▶ [DATA UNDER STUDY]
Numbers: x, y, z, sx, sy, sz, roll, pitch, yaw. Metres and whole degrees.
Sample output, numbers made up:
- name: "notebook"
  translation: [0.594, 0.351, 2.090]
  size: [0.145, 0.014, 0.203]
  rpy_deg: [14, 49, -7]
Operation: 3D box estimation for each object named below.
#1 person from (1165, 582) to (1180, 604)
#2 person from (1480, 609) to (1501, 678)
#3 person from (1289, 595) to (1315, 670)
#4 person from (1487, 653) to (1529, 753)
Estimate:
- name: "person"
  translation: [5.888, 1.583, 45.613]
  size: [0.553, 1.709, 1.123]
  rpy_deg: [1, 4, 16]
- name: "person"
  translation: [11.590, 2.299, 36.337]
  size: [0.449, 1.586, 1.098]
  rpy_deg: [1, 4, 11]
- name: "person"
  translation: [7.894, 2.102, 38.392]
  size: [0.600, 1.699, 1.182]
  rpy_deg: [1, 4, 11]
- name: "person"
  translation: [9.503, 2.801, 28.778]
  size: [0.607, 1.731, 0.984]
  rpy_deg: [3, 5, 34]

...

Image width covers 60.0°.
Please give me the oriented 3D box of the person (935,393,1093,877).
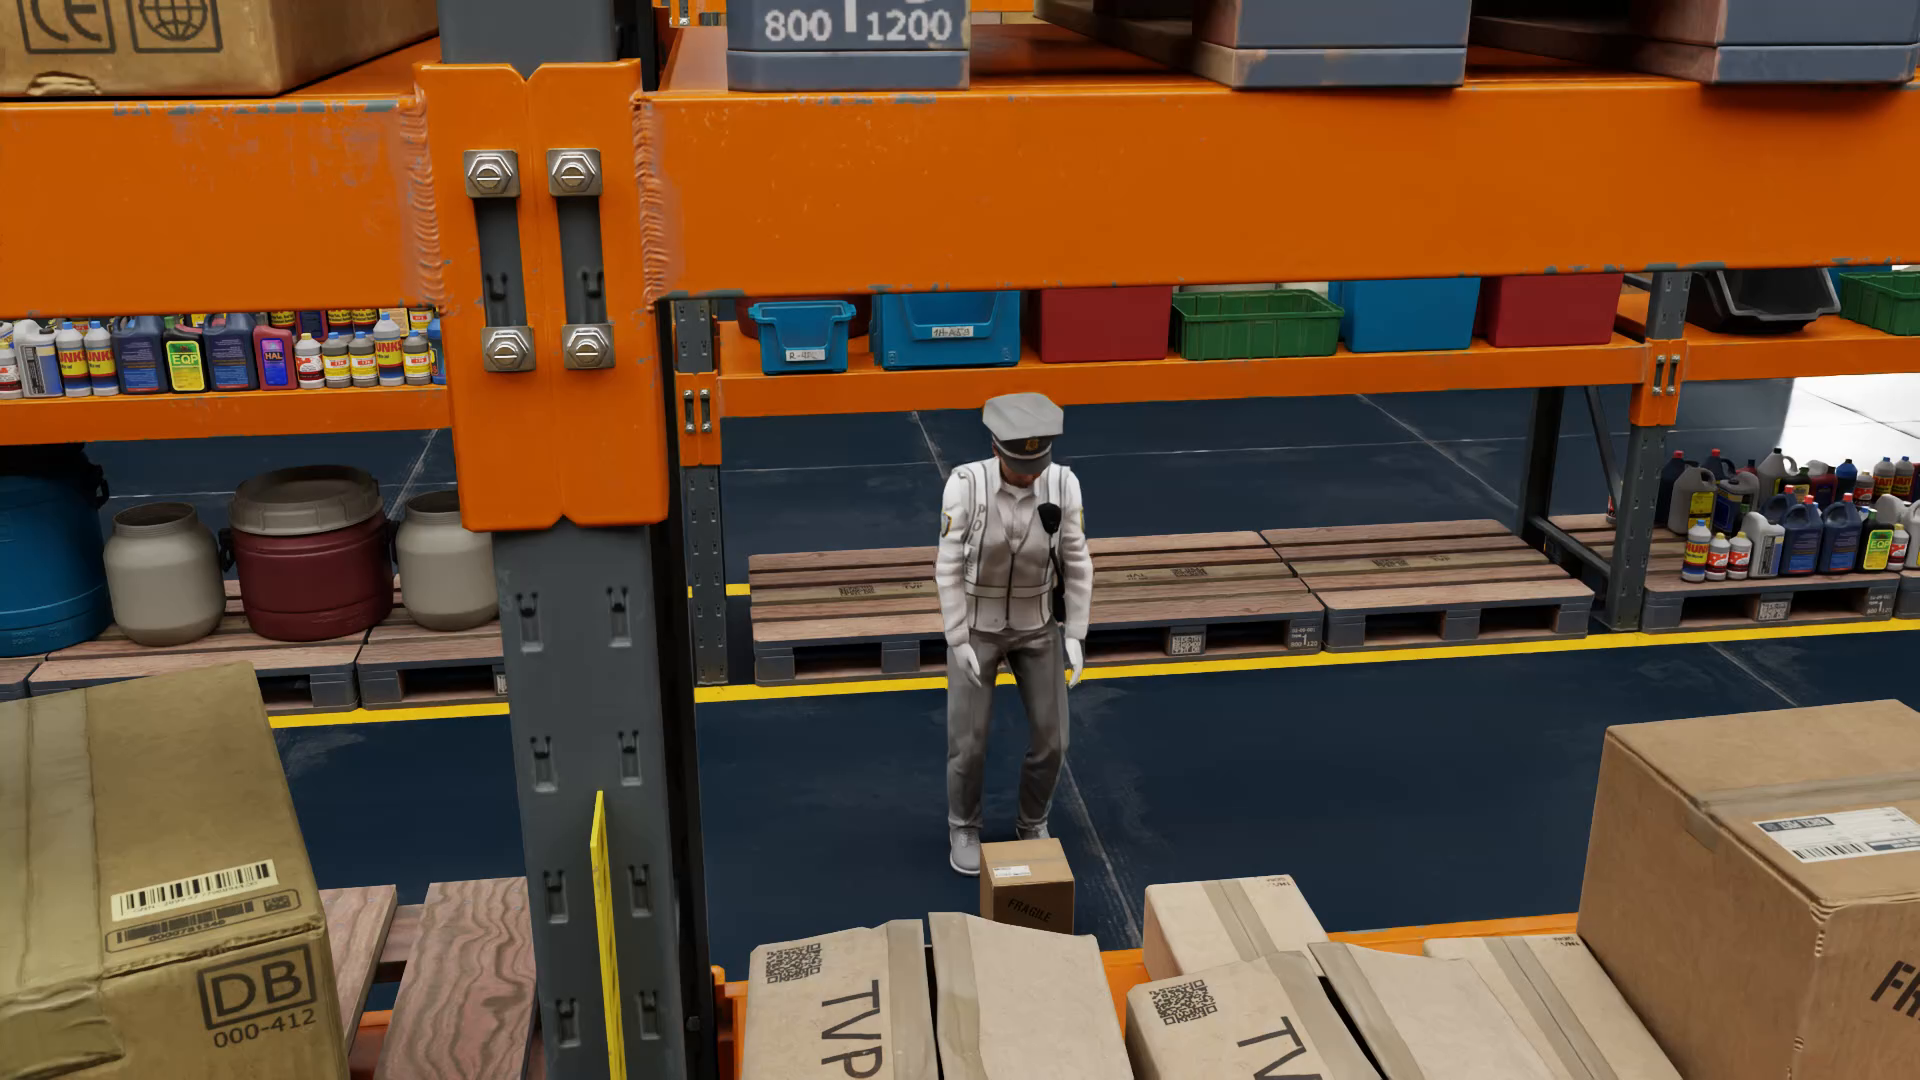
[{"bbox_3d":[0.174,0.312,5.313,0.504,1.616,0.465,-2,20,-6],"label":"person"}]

...

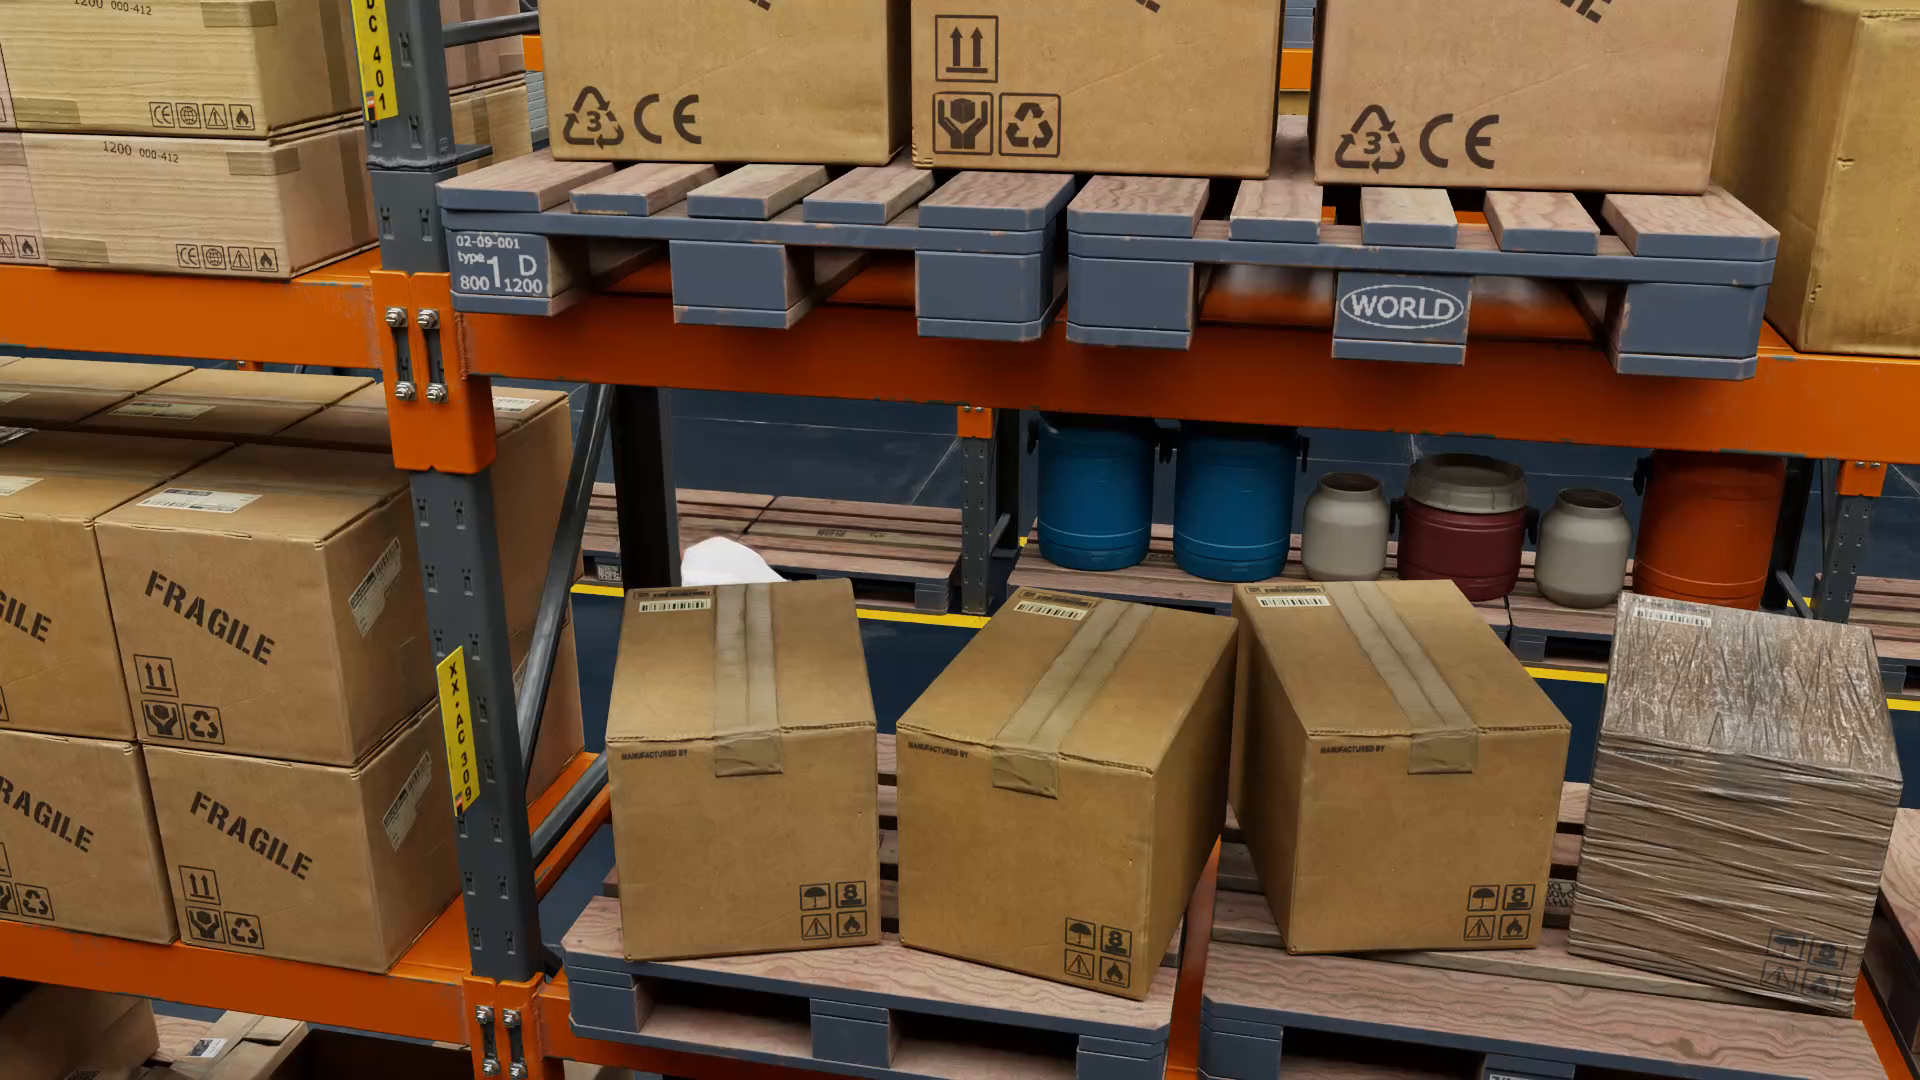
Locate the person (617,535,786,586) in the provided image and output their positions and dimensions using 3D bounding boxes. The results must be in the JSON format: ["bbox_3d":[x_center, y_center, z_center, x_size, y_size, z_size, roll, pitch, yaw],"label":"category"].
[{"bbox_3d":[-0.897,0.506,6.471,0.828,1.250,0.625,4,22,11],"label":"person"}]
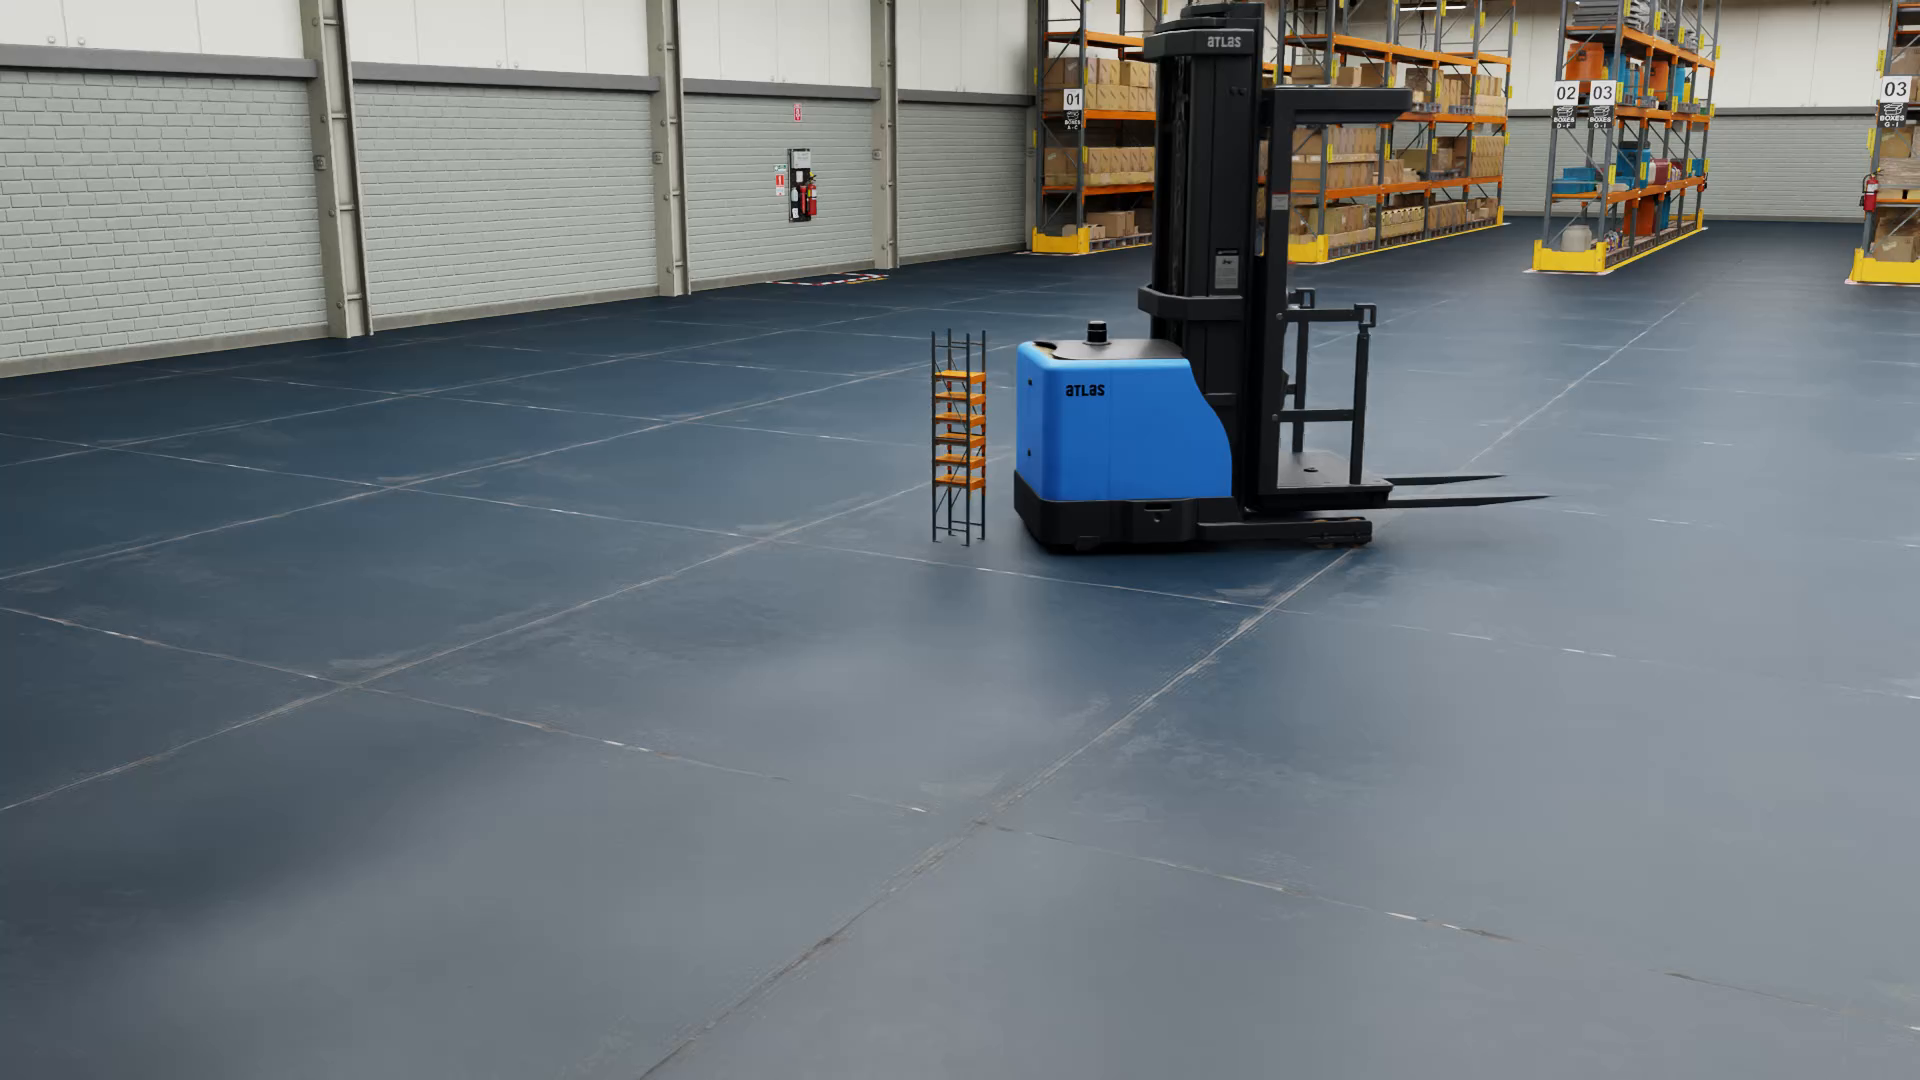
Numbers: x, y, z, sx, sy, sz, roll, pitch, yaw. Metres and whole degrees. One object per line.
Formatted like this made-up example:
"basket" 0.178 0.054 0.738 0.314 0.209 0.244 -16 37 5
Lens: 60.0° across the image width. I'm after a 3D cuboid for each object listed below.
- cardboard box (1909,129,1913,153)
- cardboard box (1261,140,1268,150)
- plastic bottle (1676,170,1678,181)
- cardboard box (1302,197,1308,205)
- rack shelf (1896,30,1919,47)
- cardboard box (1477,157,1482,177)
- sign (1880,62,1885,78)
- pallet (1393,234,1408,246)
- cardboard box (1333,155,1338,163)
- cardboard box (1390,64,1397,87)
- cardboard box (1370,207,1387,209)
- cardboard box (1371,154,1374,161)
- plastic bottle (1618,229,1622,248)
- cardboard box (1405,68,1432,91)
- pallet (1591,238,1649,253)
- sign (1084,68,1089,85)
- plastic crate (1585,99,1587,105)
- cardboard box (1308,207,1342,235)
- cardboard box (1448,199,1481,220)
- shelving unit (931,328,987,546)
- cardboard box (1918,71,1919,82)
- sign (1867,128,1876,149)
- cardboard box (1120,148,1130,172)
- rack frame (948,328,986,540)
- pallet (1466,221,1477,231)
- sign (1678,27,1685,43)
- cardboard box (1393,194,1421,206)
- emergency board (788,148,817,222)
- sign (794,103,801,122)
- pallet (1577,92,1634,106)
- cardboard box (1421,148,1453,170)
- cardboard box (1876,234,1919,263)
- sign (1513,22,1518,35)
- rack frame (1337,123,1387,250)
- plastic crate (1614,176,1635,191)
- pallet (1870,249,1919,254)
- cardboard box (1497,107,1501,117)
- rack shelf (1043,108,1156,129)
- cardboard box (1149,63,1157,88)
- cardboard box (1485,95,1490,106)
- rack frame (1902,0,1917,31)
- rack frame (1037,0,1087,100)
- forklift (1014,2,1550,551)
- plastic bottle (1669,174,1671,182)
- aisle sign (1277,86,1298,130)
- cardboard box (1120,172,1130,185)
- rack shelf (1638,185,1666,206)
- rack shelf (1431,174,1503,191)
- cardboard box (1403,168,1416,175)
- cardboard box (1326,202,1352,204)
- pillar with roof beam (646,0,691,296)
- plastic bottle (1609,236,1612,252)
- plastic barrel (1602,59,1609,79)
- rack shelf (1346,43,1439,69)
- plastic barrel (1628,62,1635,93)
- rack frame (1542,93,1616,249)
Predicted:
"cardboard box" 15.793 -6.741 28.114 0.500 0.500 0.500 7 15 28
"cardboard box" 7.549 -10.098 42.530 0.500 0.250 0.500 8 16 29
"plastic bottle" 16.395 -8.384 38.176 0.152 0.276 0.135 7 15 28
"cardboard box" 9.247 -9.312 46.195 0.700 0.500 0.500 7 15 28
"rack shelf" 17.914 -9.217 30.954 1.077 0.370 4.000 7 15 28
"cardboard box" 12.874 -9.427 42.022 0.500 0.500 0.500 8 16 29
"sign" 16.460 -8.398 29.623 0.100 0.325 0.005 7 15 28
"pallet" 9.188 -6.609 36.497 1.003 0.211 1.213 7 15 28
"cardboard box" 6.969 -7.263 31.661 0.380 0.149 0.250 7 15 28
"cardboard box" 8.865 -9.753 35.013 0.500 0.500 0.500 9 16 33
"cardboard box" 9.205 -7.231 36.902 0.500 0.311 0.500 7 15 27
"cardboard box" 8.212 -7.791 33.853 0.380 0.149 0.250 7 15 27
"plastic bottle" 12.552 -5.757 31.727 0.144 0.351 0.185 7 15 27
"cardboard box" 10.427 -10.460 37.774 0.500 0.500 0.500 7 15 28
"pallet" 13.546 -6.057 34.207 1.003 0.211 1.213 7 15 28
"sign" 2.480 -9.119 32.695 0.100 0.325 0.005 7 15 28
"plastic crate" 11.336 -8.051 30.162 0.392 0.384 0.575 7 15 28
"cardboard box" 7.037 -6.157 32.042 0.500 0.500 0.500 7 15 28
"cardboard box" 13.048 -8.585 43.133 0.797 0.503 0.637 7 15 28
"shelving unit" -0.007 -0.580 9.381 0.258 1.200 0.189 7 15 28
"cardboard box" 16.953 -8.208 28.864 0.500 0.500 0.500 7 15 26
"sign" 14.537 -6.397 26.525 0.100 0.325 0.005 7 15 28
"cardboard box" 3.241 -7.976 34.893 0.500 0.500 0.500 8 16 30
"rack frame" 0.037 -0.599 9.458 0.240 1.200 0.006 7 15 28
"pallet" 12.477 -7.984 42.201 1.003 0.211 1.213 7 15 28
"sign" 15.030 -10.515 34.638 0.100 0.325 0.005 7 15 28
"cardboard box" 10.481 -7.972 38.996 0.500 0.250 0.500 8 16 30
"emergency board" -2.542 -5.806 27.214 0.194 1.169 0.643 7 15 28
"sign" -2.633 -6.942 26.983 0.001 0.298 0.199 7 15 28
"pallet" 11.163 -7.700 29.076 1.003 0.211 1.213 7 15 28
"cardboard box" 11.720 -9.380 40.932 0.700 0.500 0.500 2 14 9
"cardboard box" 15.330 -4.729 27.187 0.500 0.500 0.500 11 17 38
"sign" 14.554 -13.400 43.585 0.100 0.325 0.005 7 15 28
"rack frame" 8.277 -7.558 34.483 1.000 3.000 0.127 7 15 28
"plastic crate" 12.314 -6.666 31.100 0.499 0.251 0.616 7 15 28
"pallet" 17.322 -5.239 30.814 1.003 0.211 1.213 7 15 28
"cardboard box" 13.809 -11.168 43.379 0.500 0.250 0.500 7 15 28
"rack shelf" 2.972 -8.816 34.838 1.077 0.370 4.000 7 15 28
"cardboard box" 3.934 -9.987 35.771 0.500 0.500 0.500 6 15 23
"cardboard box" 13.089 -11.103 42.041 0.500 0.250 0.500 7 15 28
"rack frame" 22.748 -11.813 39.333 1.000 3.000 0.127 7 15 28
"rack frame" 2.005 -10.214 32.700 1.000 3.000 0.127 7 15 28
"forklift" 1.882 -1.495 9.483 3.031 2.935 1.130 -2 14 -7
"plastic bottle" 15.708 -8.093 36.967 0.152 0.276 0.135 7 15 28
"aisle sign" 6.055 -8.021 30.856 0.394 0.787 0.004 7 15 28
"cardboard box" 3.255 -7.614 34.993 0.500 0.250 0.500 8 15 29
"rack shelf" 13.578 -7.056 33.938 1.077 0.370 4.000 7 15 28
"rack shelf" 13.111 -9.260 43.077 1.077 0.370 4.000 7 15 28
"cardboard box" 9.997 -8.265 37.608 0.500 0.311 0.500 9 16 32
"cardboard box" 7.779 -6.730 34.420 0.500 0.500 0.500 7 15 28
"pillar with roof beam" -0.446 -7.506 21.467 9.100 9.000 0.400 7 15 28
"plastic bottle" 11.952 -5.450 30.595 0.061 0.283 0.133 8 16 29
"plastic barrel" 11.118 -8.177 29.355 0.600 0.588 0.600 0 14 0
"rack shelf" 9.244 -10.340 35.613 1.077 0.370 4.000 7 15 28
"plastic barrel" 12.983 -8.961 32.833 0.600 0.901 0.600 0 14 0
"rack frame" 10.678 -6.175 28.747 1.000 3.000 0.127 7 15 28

▶ [TRY IT] Which lines run from the one holding "- cardboard box (1497,107,1501,117)" through the one holding "- rack shelf (1638,185,1666,206)" in the records above? Repeat them exactly, both included, and nothing more.

▶ [ANSWER TO THE EXERCISE]
- cardboard box (1497,107,1501,117)
- rack shelf (1043,108,1156,129)
- cardboard box (1149,63,1157,88)
- cardboard box (1485,95,1490,106)
- rack frame (1902,0,1917,31)
- rack frame (1037,0,1087,100)
- forklift (1014,2,1550,551)
- plastic bottle (1669,174,1671,182)
- aisle sign (1277,86,1298,130)
- cardboard box (1120,172,1130,185)
- rack shelf (1638,185,1666,206)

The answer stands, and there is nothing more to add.